[Records from a data source]
——
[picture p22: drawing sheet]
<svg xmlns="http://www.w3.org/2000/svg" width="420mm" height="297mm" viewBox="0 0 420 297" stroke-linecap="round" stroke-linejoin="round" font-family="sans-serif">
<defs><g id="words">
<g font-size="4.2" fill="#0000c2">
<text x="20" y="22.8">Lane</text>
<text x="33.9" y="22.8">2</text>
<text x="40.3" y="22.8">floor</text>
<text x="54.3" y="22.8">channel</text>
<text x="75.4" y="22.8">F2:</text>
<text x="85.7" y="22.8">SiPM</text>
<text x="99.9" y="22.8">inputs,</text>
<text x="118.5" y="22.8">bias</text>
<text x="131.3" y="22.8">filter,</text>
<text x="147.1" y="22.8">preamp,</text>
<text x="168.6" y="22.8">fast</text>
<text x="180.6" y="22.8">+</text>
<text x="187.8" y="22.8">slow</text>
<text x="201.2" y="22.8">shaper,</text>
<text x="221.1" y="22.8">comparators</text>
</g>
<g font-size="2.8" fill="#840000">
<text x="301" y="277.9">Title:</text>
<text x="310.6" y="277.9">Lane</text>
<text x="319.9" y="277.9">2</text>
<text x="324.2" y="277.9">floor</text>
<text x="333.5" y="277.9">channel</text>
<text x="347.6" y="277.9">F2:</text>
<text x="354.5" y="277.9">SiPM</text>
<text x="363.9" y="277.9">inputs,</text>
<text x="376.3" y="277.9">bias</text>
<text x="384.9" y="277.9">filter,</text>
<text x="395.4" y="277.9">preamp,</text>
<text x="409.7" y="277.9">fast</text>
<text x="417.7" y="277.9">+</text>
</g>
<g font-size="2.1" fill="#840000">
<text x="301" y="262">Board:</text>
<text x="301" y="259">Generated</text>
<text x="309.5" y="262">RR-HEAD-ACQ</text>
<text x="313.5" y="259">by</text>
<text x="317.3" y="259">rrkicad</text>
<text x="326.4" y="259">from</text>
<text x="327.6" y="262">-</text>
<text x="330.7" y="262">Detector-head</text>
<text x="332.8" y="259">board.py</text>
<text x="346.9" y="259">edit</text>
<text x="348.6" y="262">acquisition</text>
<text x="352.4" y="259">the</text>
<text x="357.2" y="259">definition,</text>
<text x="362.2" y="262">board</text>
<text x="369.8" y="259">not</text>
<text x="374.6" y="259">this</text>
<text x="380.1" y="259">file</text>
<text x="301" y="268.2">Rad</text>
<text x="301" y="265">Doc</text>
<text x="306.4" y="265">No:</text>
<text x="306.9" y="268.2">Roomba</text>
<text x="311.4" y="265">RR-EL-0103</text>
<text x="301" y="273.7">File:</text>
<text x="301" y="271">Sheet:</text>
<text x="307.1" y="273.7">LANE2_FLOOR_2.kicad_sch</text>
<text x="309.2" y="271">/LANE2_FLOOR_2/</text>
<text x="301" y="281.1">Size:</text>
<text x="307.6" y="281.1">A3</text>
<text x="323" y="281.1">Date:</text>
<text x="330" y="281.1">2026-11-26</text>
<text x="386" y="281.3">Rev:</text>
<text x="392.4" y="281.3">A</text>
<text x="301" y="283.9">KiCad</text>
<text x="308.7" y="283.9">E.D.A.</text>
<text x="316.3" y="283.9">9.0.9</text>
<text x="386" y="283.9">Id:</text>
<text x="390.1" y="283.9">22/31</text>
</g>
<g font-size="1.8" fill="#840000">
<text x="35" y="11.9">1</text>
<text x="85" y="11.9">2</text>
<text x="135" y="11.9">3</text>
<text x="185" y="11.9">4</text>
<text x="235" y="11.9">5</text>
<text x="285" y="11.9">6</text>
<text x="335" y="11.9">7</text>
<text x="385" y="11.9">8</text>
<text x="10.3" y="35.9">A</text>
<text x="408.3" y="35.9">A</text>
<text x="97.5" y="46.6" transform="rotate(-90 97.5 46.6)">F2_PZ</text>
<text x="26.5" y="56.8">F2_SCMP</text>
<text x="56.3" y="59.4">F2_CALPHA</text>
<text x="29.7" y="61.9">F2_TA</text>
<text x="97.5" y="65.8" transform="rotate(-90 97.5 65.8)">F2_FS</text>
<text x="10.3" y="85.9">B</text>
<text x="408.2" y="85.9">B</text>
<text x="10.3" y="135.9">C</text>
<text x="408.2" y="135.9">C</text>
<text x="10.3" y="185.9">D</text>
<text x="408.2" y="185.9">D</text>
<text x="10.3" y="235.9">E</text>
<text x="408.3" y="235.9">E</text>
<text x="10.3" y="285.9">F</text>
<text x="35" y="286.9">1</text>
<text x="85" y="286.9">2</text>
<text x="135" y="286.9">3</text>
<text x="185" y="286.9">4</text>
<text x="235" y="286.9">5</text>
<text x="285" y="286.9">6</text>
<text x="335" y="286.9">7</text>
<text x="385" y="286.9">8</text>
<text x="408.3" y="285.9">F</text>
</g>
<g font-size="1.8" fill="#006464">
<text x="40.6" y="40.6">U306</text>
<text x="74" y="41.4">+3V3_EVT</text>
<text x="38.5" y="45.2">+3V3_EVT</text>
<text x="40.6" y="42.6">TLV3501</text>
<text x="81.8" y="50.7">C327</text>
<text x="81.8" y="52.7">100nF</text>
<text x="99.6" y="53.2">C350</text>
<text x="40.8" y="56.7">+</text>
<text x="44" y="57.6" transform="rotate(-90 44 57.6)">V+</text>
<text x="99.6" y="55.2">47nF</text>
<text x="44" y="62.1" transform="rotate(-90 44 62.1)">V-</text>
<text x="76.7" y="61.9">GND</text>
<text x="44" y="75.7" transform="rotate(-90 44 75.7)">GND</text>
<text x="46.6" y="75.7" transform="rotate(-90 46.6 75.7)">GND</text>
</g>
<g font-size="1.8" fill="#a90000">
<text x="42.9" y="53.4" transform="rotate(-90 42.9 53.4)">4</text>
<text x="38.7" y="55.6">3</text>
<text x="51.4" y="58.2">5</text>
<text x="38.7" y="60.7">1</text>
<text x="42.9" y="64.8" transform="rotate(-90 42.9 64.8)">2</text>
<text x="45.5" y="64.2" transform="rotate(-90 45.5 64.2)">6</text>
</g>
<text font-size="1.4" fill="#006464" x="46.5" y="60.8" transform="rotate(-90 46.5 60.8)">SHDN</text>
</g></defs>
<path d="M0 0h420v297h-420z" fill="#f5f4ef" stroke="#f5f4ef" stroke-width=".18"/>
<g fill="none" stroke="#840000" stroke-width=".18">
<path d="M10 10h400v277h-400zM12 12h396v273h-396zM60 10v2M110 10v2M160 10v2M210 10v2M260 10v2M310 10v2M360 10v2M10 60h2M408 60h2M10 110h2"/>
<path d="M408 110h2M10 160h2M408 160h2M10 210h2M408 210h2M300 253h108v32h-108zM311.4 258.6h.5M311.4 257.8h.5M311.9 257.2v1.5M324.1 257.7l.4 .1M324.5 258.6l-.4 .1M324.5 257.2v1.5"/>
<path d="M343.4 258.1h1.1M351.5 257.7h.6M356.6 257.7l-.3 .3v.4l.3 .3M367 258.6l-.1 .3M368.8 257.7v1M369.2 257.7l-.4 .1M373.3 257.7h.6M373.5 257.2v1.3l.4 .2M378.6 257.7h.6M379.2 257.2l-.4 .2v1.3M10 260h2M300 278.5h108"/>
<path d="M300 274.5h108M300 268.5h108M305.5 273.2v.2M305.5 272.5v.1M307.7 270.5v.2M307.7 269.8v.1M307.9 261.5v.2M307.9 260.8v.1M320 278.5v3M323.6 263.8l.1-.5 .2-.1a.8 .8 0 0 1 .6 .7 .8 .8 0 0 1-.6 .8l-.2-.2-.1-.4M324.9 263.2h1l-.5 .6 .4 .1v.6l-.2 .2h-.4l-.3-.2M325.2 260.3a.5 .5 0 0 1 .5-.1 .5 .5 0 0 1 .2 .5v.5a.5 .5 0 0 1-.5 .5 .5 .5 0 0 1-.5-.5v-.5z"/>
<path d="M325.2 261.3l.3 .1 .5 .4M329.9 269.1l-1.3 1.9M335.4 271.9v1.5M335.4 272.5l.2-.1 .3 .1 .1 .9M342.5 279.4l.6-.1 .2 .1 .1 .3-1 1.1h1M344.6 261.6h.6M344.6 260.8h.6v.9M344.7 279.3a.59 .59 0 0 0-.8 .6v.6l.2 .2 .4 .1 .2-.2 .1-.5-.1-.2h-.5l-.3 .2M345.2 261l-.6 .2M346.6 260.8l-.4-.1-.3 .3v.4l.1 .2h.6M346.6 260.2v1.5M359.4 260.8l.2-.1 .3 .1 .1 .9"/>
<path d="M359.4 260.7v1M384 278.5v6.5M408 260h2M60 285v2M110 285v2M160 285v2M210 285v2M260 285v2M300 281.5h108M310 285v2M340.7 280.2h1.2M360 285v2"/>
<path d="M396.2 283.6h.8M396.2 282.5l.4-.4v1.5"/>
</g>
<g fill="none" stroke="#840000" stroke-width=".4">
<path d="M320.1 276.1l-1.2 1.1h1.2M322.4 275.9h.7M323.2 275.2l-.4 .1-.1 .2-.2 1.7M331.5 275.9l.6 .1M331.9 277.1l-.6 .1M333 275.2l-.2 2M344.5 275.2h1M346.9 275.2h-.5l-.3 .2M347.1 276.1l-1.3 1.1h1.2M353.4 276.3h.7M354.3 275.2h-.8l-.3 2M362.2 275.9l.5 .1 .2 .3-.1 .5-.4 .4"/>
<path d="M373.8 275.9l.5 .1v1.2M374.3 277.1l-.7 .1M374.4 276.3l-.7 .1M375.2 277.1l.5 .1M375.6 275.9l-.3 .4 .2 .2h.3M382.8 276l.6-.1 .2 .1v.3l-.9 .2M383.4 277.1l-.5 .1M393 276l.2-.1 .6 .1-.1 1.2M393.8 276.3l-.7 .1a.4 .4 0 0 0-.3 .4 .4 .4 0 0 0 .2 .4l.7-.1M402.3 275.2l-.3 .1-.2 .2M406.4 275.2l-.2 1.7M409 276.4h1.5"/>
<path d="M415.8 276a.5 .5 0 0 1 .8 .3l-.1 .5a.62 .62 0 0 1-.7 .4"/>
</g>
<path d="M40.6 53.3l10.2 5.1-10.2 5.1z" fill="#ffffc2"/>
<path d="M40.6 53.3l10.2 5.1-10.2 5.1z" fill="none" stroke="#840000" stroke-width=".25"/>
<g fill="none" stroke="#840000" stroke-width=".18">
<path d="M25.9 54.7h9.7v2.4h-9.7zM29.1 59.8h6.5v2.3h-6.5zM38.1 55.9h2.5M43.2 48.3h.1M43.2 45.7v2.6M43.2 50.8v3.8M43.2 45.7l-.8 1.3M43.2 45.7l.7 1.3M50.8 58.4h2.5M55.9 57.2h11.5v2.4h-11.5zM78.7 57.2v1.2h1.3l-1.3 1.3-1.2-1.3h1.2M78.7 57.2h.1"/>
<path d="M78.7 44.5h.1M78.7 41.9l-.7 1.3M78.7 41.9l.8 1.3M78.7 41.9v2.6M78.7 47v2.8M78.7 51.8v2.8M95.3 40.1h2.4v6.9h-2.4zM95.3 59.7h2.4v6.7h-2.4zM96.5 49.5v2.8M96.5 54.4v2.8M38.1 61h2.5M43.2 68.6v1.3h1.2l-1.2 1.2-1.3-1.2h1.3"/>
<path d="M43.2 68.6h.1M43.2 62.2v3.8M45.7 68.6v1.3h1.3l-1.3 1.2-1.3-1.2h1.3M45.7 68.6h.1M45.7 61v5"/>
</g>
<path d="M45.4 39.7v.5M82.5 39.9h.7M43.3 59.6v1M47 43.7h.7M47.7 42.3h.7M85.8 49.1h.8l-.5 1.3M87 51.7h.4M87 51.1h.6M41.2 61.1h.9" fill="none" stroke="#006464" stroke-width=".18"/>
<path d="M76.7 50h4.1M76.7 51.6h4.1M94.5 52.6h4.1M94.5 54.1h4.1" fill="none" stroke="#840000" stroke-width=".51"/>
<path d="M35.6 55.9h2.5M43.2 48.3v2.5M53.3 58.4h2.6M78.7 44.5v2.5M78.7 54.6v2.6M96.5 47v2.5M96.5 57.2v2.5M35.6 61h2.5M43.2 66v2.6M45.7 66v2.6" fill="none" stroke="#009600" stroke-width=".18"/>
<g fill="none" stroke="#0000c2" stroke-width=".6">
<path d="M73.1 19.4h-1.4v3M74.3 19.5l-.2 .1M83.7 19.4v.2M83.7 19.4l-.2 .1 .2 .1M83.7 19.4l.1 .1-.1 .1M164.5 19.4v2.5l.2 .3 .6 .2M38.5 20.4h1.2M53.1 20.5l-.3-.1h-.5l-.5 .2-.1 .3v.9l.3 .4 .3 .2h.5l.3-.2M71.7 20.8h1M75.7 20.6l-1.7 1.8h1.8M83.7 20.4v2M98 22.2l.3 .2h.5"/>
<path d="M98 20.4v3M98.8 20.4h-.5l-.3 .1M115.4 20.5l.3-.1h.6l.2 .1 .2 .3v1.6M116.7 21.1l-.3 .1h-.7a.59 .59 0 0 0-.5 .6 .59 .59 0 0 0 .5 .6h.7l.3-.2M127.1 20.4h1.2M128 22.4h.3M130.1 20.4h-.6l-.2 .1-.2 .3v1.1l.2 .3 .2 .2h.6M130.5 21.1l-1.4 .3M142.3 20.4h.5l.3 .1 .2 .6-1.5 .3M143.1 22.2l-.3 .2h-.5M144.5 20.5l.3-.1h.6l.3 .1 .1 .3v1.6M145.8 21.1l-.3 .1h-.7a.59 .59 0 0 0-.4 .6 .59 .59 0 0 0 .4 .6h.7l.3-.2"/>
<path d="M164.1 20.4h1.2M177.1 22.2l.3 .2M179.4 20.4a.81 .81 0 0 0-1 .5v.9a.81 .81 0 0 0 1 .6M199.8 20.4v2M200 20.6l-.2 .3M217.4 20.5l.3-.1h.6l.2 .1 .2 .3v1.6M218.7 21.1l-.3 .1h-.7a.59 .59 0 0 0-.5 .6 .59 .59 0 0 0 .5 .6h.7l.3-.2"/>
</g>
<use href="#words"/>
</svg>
——
» Task: For each line above that includes "fast", copy the line.

» Exercise solution:
<text x="168.6" y="22.8">fast</text>
<text x="409.7" y="277.9">fast</text>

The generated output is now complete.